STORED DATA START
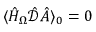Convert formula to latex. <formula><loc_0><loc_0><loc_500><loc_500>\langle \hat { H } _ { \Omega } \hat { \mathcal { D } } \hat { A } \rangle _ { 0 } = 0</formula> 
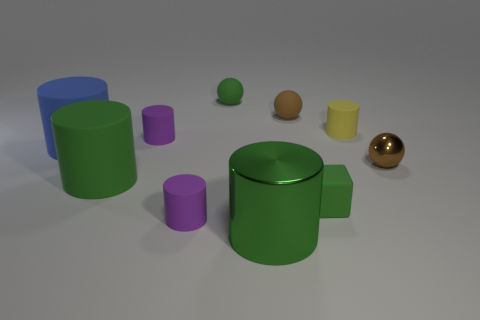What is the size of the cylinder that is on the right side of the shiny object on the left side of the small yellow cylinder?
Keep it short and to the point. Small. Does the brown thing behind the yellow rubber cylinder have the same shape as the brown object that is in front of the blue rubber cylinder?
Make the answer very short. Yes. There is a tiny cylinder that is both in front of the yellow cylinder and behind the blue rubber cylinder; what color is it?
Provide a short and direct response. Purple. Are there any rubber cylinders that have the same color as the tiny metallic ball?
Ensure brevity in your answer.  No. The tiny matte object in front of the green rubber cube is what color?
Provide a succinct answer. Purple. Is there a purple thing that is right of the tiny ball that is to the right of the matte block?
Your answer should be very brief. No. There is a large metal cylinder; is its color the same as the small ball to the left of the green metallic cylinder?
Make the answer very short. Yes. Is there a green sphere that has the same material as the small yellow object?
Your answer should be compact. Yes. What number of big red shiny spheres are there?
Provide a succinct answer. 0. What is the brown thing that is in front of the small purple matte cylinder behind the large blue rubber object made of?
Your answer should be compact. Metal. 
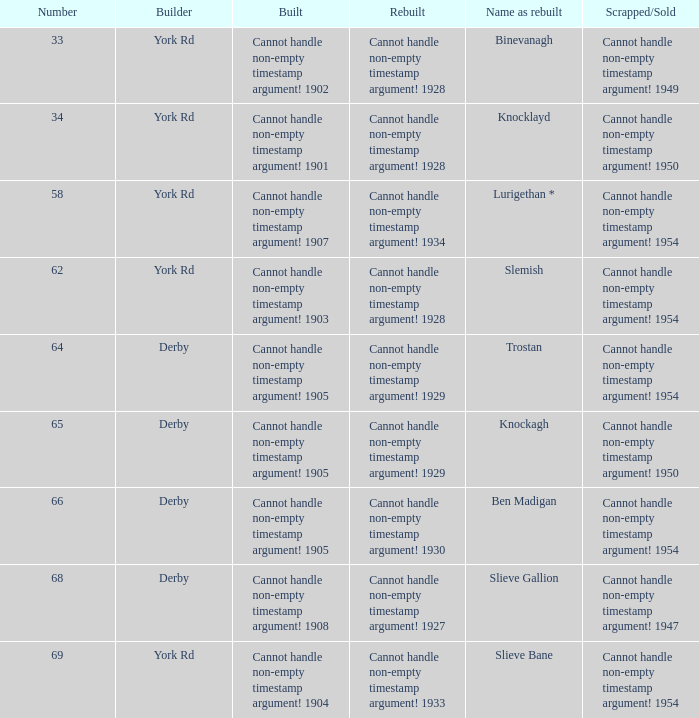Which Rebuilt has a Name as rebuilt of binevanagh? Cannot handle non-empty timestamp argument! 1928. 
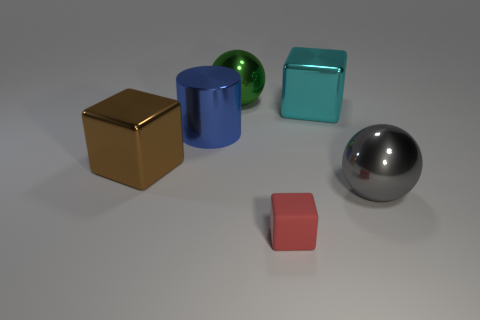Add 2 large yellow matte cylinders. How many objects exist? 8 Subtract all cylinders. How many objects are left? 5 Subtract 0 brown cylinders. How many objects are left? 6 Subtract all big gray rubber things. Subtract all brown shiny cubes. How many objects are left? 5 Add 6 large cubes. How many large cubes are left? 8 Add 2 metal cylinders. How many metal cylinders exist? 3 
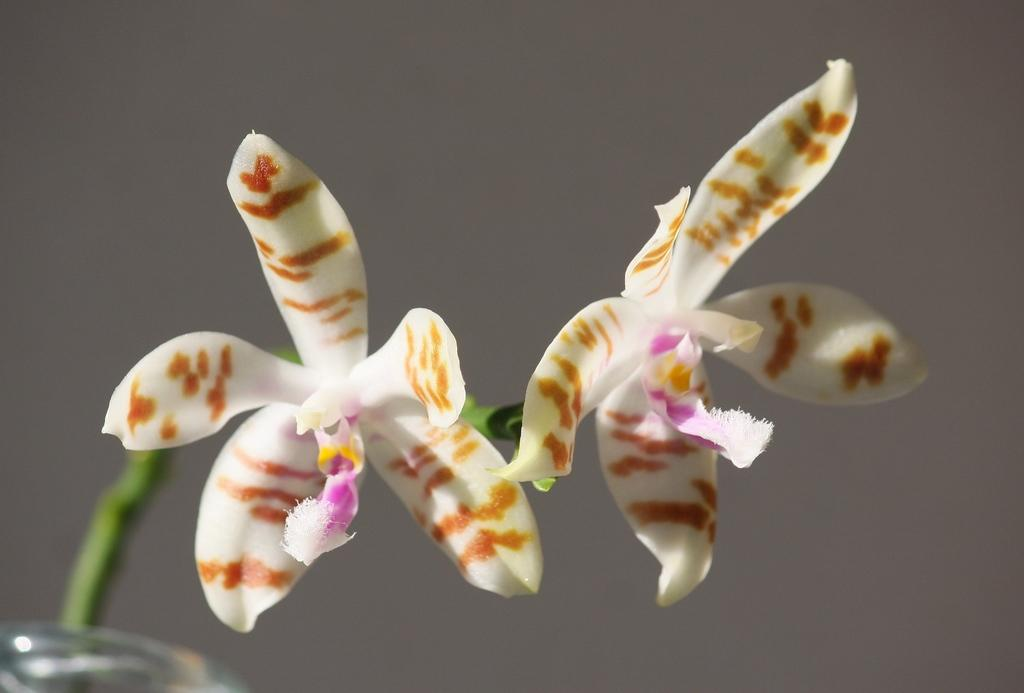What are the main subjects in the center of the image? There are two white color flowers in the center of the image. What color are the stems of the flowers? The flowers have green color stems. Can you describe any other objects visible in the image? There are other objects visible in the background of the image, but their specific details are not mentioned in the provided facts. Can you see the ocean in the background of the image? There is no mention of an ocean or any water body in the provided facts, so it cannot be determined if it is present in the image. 
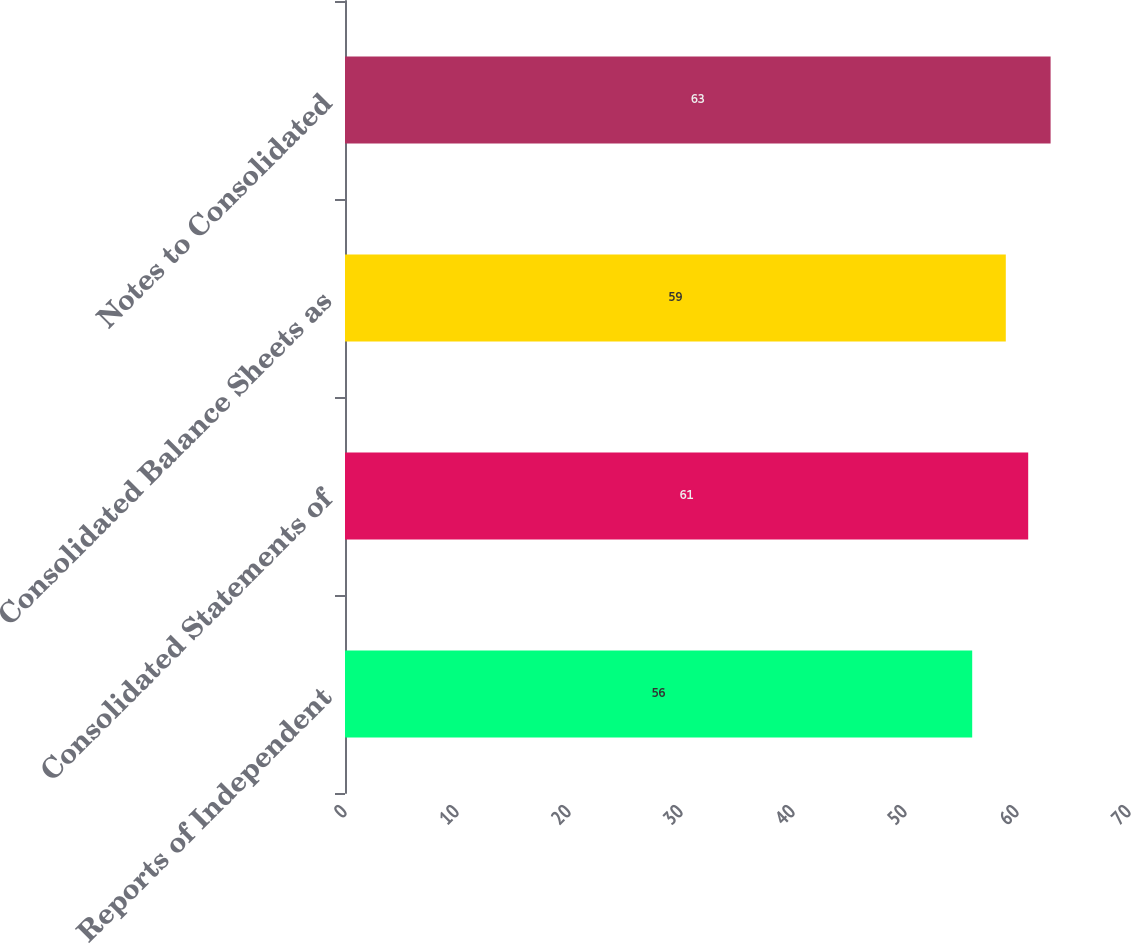Convert chart. <chart><loc_0><loc_0><loc_500><loc_500><bar_chart><fcel>Reports of Independent<fcel>Consolidated Statements of<fcel>Consolidated Balance Sheets as<fcel>Notes to Consolidated<nl><fcel>56<fcel>61<fcel>59<fcel>63<nl></chart> 
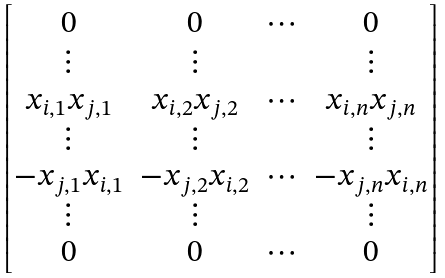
STORED DATA END
**DESCRIPTION OF THE TASK:** What's needed is an exact copy of every entry, minus the pictures.

**EXERCISE SOLUTION:**
Convert formula to latex. <formula><loc_0><loc_0><loc_500><loc_500>\langle \hat { H } _ { \Omega } \hat { \mathcal { D } } \hat { A } \rangle _ { 0 } = 0</formula> 
What is the size of the cylinder that is on the right side of the shiny object on the left side of the small yellow cylinder?
Keep it short and to the point. Small. Does the brown thing behind the yellow rubber cylinder have the same shape as the brown object that is in front of the blue rubber cylinder?
Make the answer very short. Yes. There is a tiny cylinder that is both in front of the yellow cylinder and behind the blue rubber cylinder; what color is it?
Provide a short and direct response. Purple. Are there any rubber cylinders that have the same color as the tiny metallic ball?
Ensure brevity in your answer.  No. The tiny matte object in front of the green rubber cube is what color?
Provide a succinct answer. Purple. Is there a purple thing that is right of the tiny ball that is to the right of the matte block?
Your answer should be very brief. No. There is a large metal cylinder; is its color the same as the small ball to the left of the green metallic cylinder?
Make the answer very short. Yes. Is there a green sphere that has the same material as the small yellow object?
Your answer should be compact. Yes. What number of big red shiny spheres are there?
Provide a succinct answer. 0. What is the brown thing that is in front of the small purple matte cylinder behind the large blue rubber object made of?
Your answer should be compact. Metal. 
Which Rebuilt has a Name as rebuilt of binevanagh? Cannot handle non-empty timestamp argument! 1928. 
Add 2 large yellow matte cylinders. How many objects exist? 8 Subtract all cylinders. How many objects are left? 5 Subtract 0 brown cylinders. How many objects are left? 6 Subtract all big gray rubber things. Subtract all brown shiny cubes. How many objects are left? 5 Add 6 large cubes. How many large cubes are left? 8 Add 2 metal cylinders. How many metal cylinders exist? 3 
What are the main subjects in the center of the image? There are two white color flowers in the center of the image. What color are the stems of the flowers? The flowers have green color stems. Can you describe any other objects visible in the image? There are other objects visible in the background of the image, but their specific details are not mentioned in the provided facts. Can you see the ocean in the background of the image? There is no mention of an ocean or any water body in the provided facts, so it cannot be determined if it is present in the image. 
Convert chart. <chart><loc_0><loc_0><loc_500><loc_500><bar_chart><fcel>Reports of Independent<fcel>Consolidated Statements of<fcel>Consolidated Balance Sheets as<fcel>Notes to Consolidated<nl><fcel>56<fcel>61<fcel>59<fcel>63<nl></chart> 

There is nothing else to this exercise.